Record extracts:
· · · ·

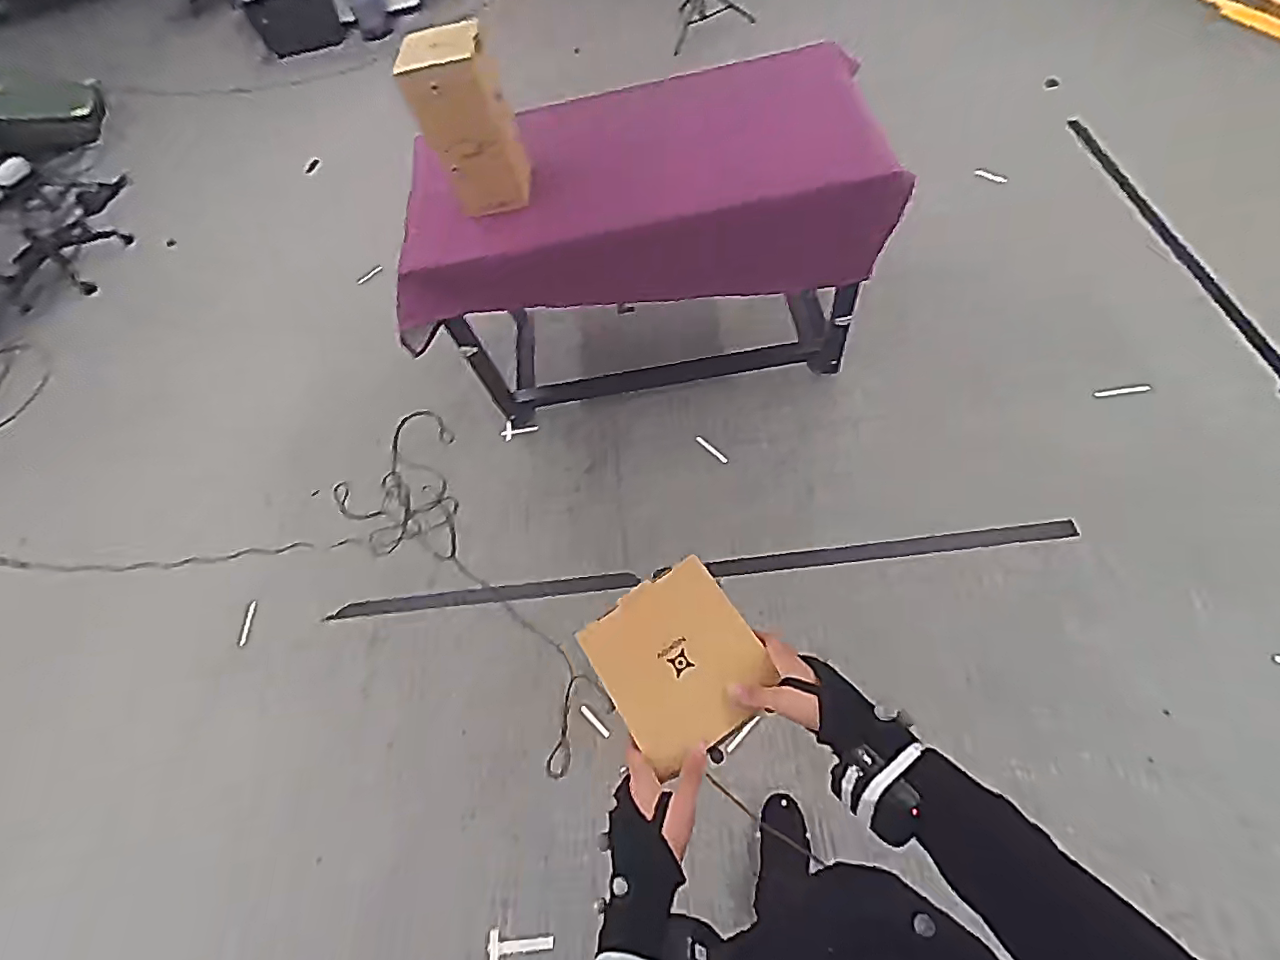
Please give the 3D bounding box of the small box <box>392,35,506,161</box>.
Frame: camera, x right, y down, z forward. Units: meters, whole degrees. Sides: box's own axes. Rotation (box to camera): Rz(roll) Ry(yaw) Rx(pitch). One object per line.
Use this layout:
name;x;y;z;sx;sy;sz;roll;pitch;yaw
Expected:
small box;-0.423;-0.853;1.221;0.179;0.176;0.168;-6;61;6

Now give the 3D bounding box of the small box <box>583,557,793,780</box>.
small box;0.060;0.227;0.648;0.168;0.176;0.179;-33;61;-8
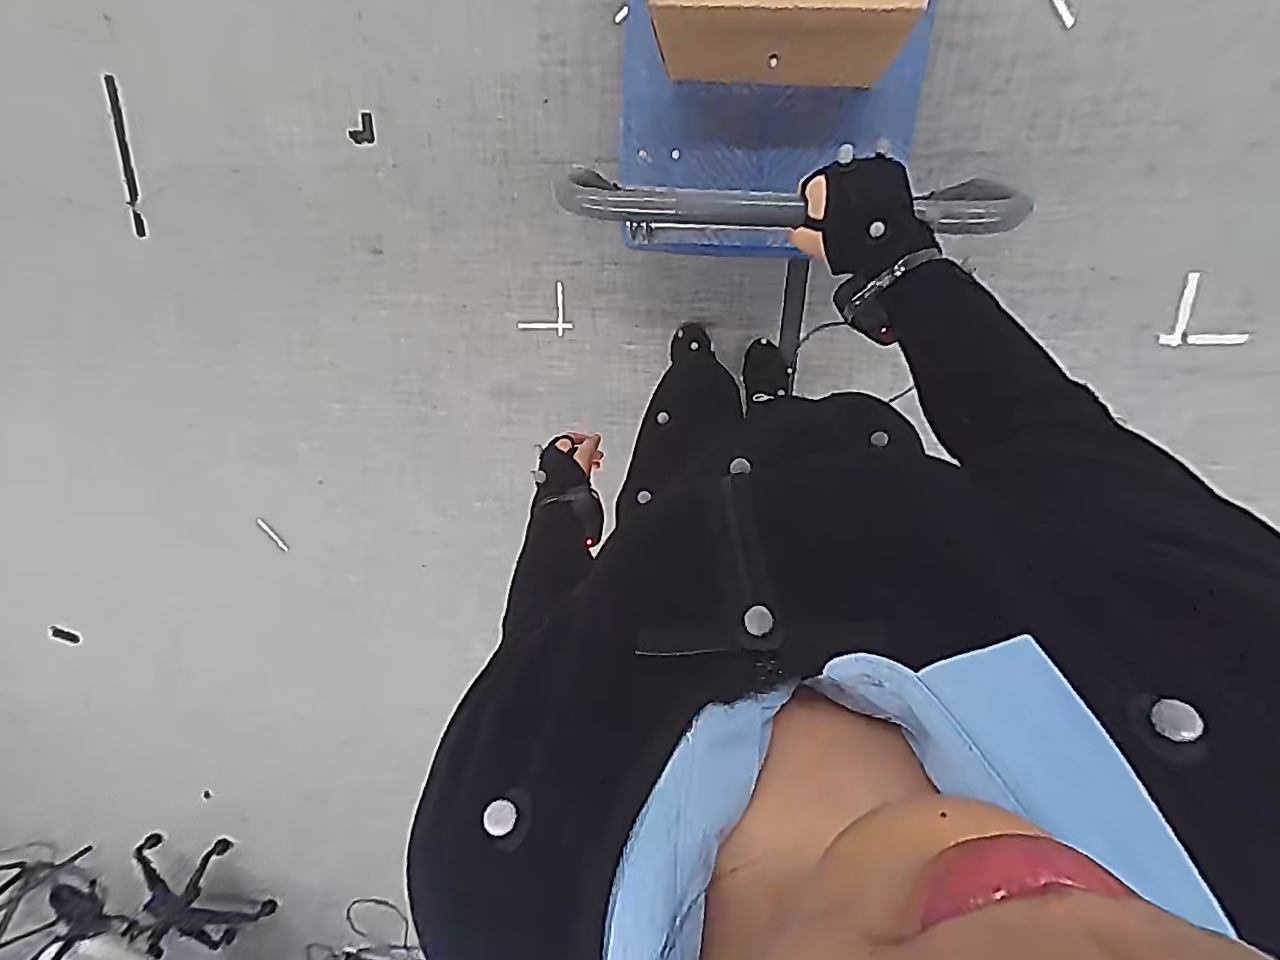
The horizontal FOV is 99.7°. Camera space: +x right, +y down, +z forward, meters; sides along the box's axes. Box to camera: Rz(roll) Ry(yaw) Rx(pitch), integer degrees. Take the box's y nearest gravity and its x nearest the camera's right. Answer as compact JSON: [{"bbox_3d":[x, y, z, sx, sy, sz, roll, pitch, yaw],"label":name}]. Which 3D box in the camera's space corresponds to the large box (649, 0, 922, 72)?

· · · ·

Work order: Since the copy must contain no pictures, return only the text of the records, exactly as it stands.

Expected answer:
Please give the 3D bounding box of the small box <box>392,35,506,161</box>.
Frame: camera, x right, y down, z forward. Units: meters, whole degrees. Sides: box's own axes. Rotation (box to camera): Rz(roll) Ry(yaw) Rx(pitch). One object per line.
Use this layout:
name;x;y;z;sx;sy;sz;roll;pitch;yaw
Expected:
small box;-0.423;-0.853;1.221;0.179;0.176;0.168;-6;61;6

Now give the 3D bounding box of the small box <box>583,557,793,780</box>.
small box;0.060;0.227;0.648;0.168;0.176;0.179;-33;61;-8
The horizontal FOV is 99.7°. Camera space: +x right, +y down, +z forward, meters; sides along the box's axes. Box to camera: Rz(roll) Ry(yaw) Rx(pitch), integer degrees. Take the box's y nearest gravity and its x nearest the camera's right. Answer as compact JSON: [{"bbox_3d":[x, y, z, sx, sy, sz, roll, pitch, yaw],"label":name}]. Which 3D box in the camera's space corresponds to the large box (649, 0, 922, 72)?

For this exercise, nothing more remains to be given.